When I am wrong and you are right. 
They'd scream, "I'm Scared!" 
When I'm all alone in the middle of the night._ 

_They do talk,
But they reveal too much
They're not hidden
Just wiped away by your gentle touch._ 

_They'd exclaim, "I'm Happy!" 
Whenever you're around
They'd sigh, "I'm Sad!" 
When I'm feeling down._

_They do talk
Won't you listen?
You just might find
What you've been missin'!_ 

_They'd reply, "I'm Lonely!" 
When I'm thinking of you. 
Is it too late for you to see 
That my tears cry out "I Love You!"_ 

 _They do talk
But you can't hear
A single word they'd say. 
If only you could read a tear 
Instead of wiping it away!_

----------


## loves intellegence

a nice poem...

----------


## RAHEN

Thank you...

----------


## Shikari

unfortunately tears are unspoken words..thanks 4 sharing such a nice poem rahen..

----------


## Fairy

Very nice  :Smile:

----------


## RAHEN

thanks 4 liking shikari and fairy sis...

----------


## Miss_Sweet

very nice poem aapi :Smile:

----------


## syeda

awesome  :Smile:

----------


## RAHEN

thank you... :Big Grin:

----------


## Nicky Butt

Hi, This post of mine is very beneficial and informative, however there are some specific facts or information that I require.

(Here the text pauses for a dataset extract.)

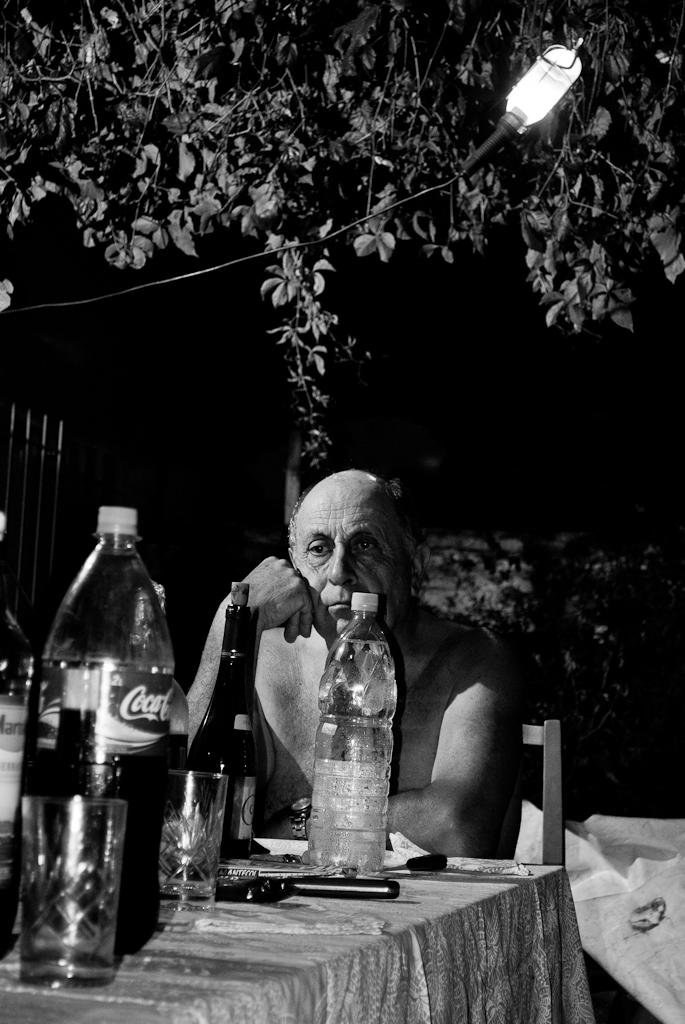<image>
Relay a brief, clear account of the picture shown. Man sitting at a desk behind a Coca Cola bottle. 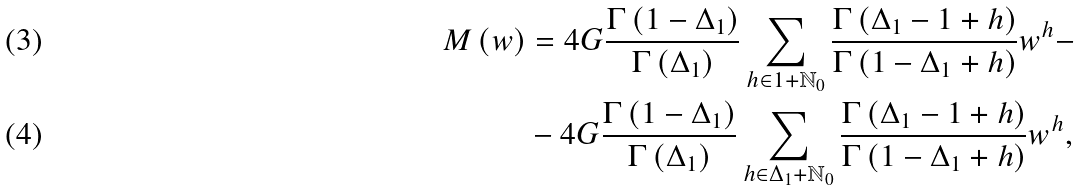<formula> <loc_0><loc_0><loc_500><loc_500>M \left ( w \right ) & = 4 G \frac { \Gamma \left ( 1 - \Delta _ { 1 } \right ) } { \Gamma \left ( \Delta _ { 1 } \right ) } \sum _ { h \in 1 + \mathbb { N } _ { 0 } } \frac { \Gamma \left ( \Delta _ { 1 } - 1 + h \right ) } { \Gamma \left ( 1 - \Delta _ { 1 } + h \right ) } w ^ { h } - \\ & - 4 G \frac { \Gamma \left ( 1 - \Delta _ { 1 } \right ) } { \Gamma \left ( \Delta _ { 1 } \right ) } \sum _ { h \in \Delta _ { 1 } + \mathbb { N } _ { 0 } } \frac { \Gamma \left ( \Delta _ { 1 } - 1 + h \right ) } { \Gamma \left ( 1 - \Delta _ { 1 } + h \right ) } w ^ { h } ,</formula> 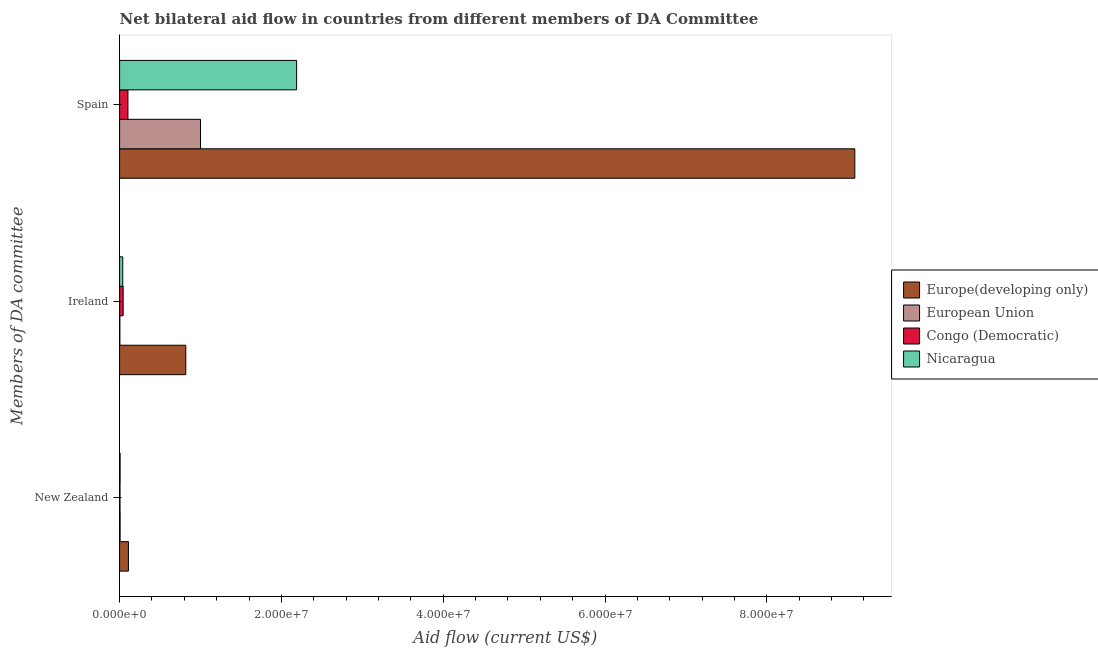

If anyone can help me in this matter then please send me a private message. Best Regards,

----------


## villies

realy nyc Rahen.. buhat achi peom hey

----------


## NInA

I likeyyyyy... Wonderfully written.

----------


## RAHEN

nicky what info u want...

thanks villies and nina...

----------


## Rija

Very heart touching poem thanks rehan for sharing it...

----------


## RAHEN

Thanks Rija for liking it... :Big Grin:

----------


## RAHEN

i came to know this recently..this poem is written by heman...i m locking this thread.as we already hve it.

----------